Dr. Blanton presented A Bigger Picture of Secure Multi-Party Computation for the Cryptography, Security, and Privacy (CrySP) Speaker Series.
Secure multi-party computation is a mature sub-area of cryptography that enables computation over private data. Products utilizing such techniques are now increasingly being built by tech companies for privacy-preserving data analytics and other purposes.
For many years, progress in this area has focused on mechanisms for securely performing different operations, i.e., on how to perform secure function evaluation. Dr. Blanton argues that other aspects of privacy-preserving computation deserve the attention of the research community. They include ensuring the trustworthiness of inputs to the computation, achieving security of linked computations, and selecting functions to ensure that the (authorized) information disclosure from the output is limited.
She investigates the last component in more detail on the example of average salary computation, inspired by the Boston privacy-preserving gender gap study carried out in 2015-2017.
She received her PhD and MS in Computer Science from Purdue University and MS in Electrical Engineering and Computer Science from Ohio University.
Dr. Blanton's research interests focus on information security, privacy, and applied cryptography. Recent projects span across areas such as secure computation and outsourcing, integrity of outsourced computation and storage, private biometric and genomic computation, authentication, and anonymity.
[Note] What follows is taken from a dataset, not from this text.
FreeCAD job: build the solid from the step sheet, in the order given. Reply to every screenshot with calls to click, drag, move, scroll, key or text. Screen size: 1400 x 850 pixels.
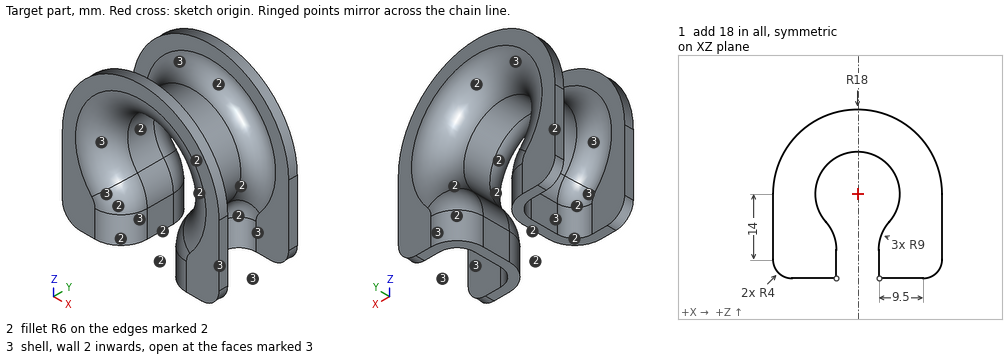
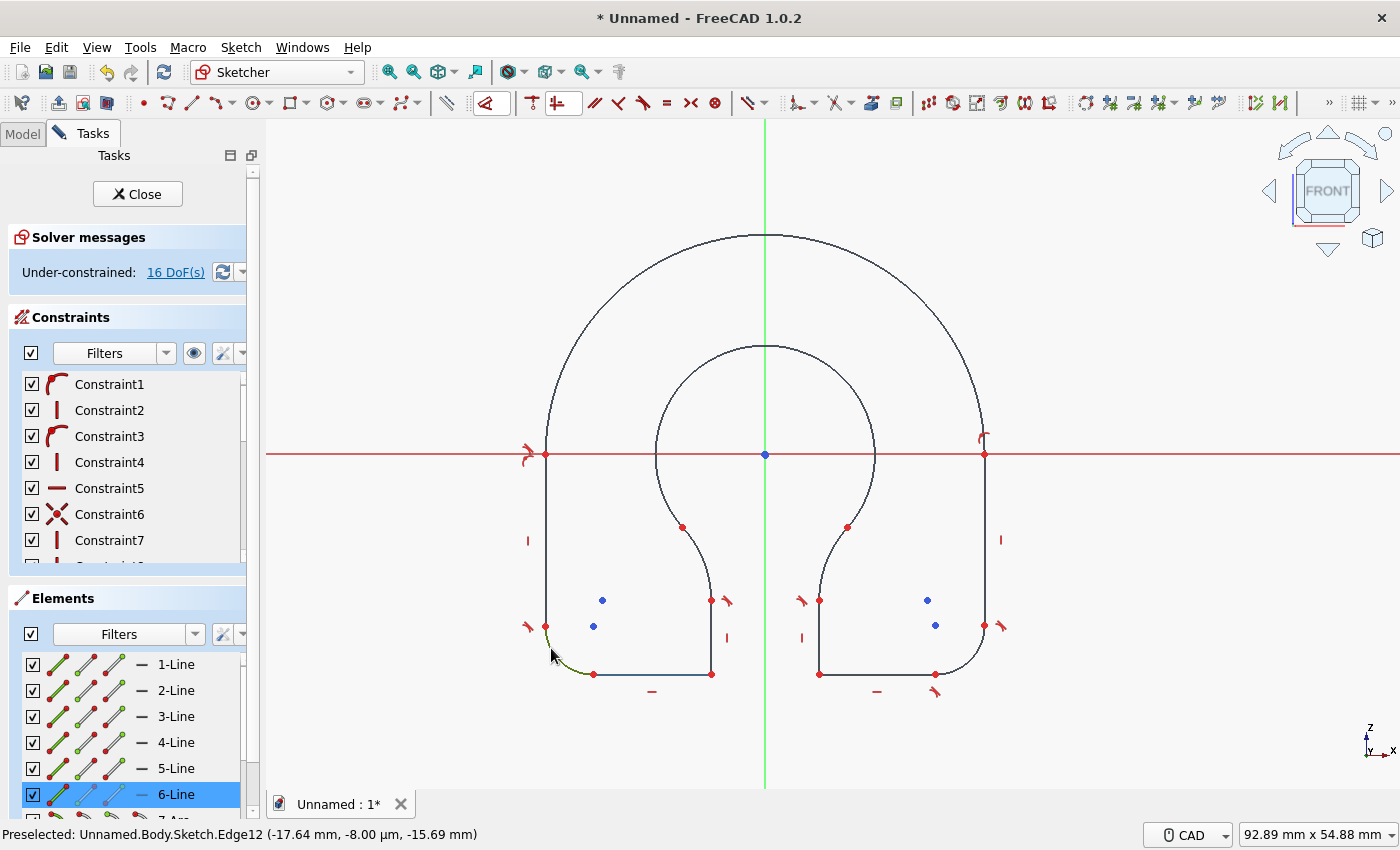
key(t)

She has over 80 refereed publications, has served on the technical program committees of top conferences such as USENIX Security, IEEE S&P, and CCS, and is currently an associate editor of IEEE Transactions on Dependable and Secure Computing. She has received multiple awards for her research, including a 2013 AFOSR Young Investigator Award, the 2015 ACM CCS Test of Time Award, and a 2018 Google Faculty Research Award.